Airbus Group expects to see growing demand for military aircraft in Asia amid simmering tensions in the South China Sea and other areas.

The Asian market for defense and space-related business could grow to about $50 billion a year within the next five years, from $45 billion now, said Christian Scherer, executive vice president for marketing and sales at Airbus Defense &Space, the planemaker’s defense unit.

Countries across Asia are stepping up military spending as China asserts claims to disputed territories and resources. Japan has also boosted its defense budget for three years straight as the government seeks to ease pacifist constraints imposed by the country’s post-World War II constitution.

Asia’s market for defense-related aircraft “is not only the second-largest in absolute numbers, but also the fastest- growing” in the world, Scherer said in an interview Wednesday in Langkawi, Malaysia. Needs range “anywhere from surveillance aircraft, small surveillance aircraft, maritime patrol aircraft, electronic warfare-type airplanes – all the way up to big logistic aircraft, fighters, tankers.”

In recent years, Asian countries including Singapore and South Korea have ordered fighter jets, submarines, transport aircraft and patrol vessels to strengthen their defenses.

Last week Airbus delivered the first of four A400M transport planes to Malaysia, the first country outside Europe to have them. The aircraft has been on display this week at The Langkawi International Maritime &Aerospace Exhibition.

Airbus soon will deliver the first of three C295 aircraft to the Philippines, Scherer said.

South Korea plans to buy as many as six military transport planes, with a decision on exactly what to buy expected by mid- year, Scherer said. Airbus hopes to sell its A330 multi-role tanker transport plane, but is competing for the bid against Boeing Co. So far, in the Asia-Pacific region only Australia and Singapore have bought this Airbus plane.

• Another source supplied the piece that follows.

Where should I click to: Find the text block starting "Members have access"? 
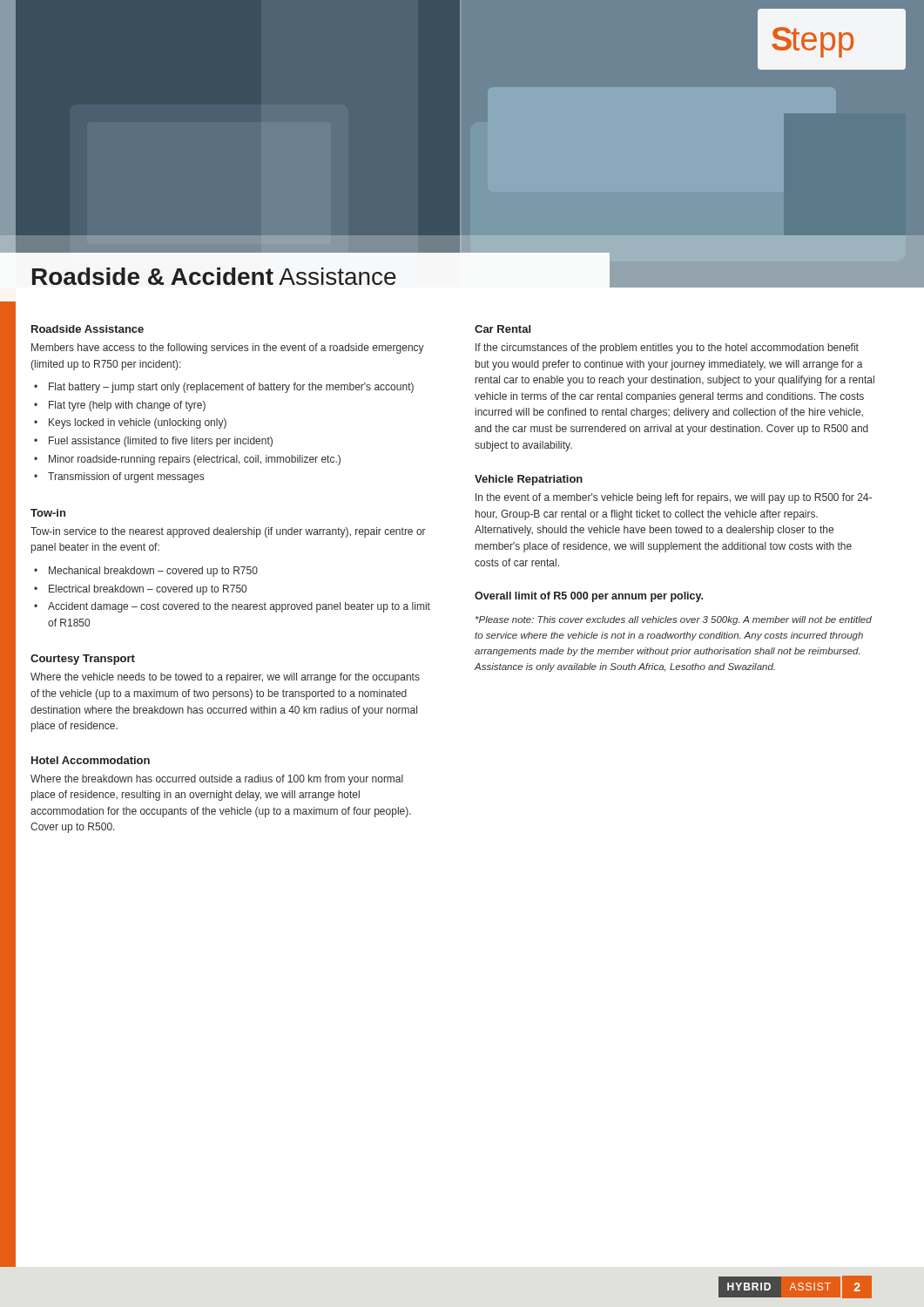pos(231,356)

The company also is partnering with Korean Air Lines Co. on its bid to develop a South Korean jet fighter, Scherer said, with Airbus set to provide engineering assistance on the project. Korean Air, the country’s largest carrier, provides components for Airbus’s A320 and Boeing’s 777 commercial planes.

Airbus also expects demand to grow for observation and communications solutions using its satellites, after the disappearance of a Malaysian Airlines System Bhd plane a year ago intensified calls for better tracking systems, Scherer said.

The company is in “very advanced discussions” with several countries to equip their armed forces with observation and communications solutions, Scherer said.

Earlier this week, Airbus said it will move one of its satellites over the eastern Asia-Pacific region, which includes Australia, providing a secure communications capability in the region.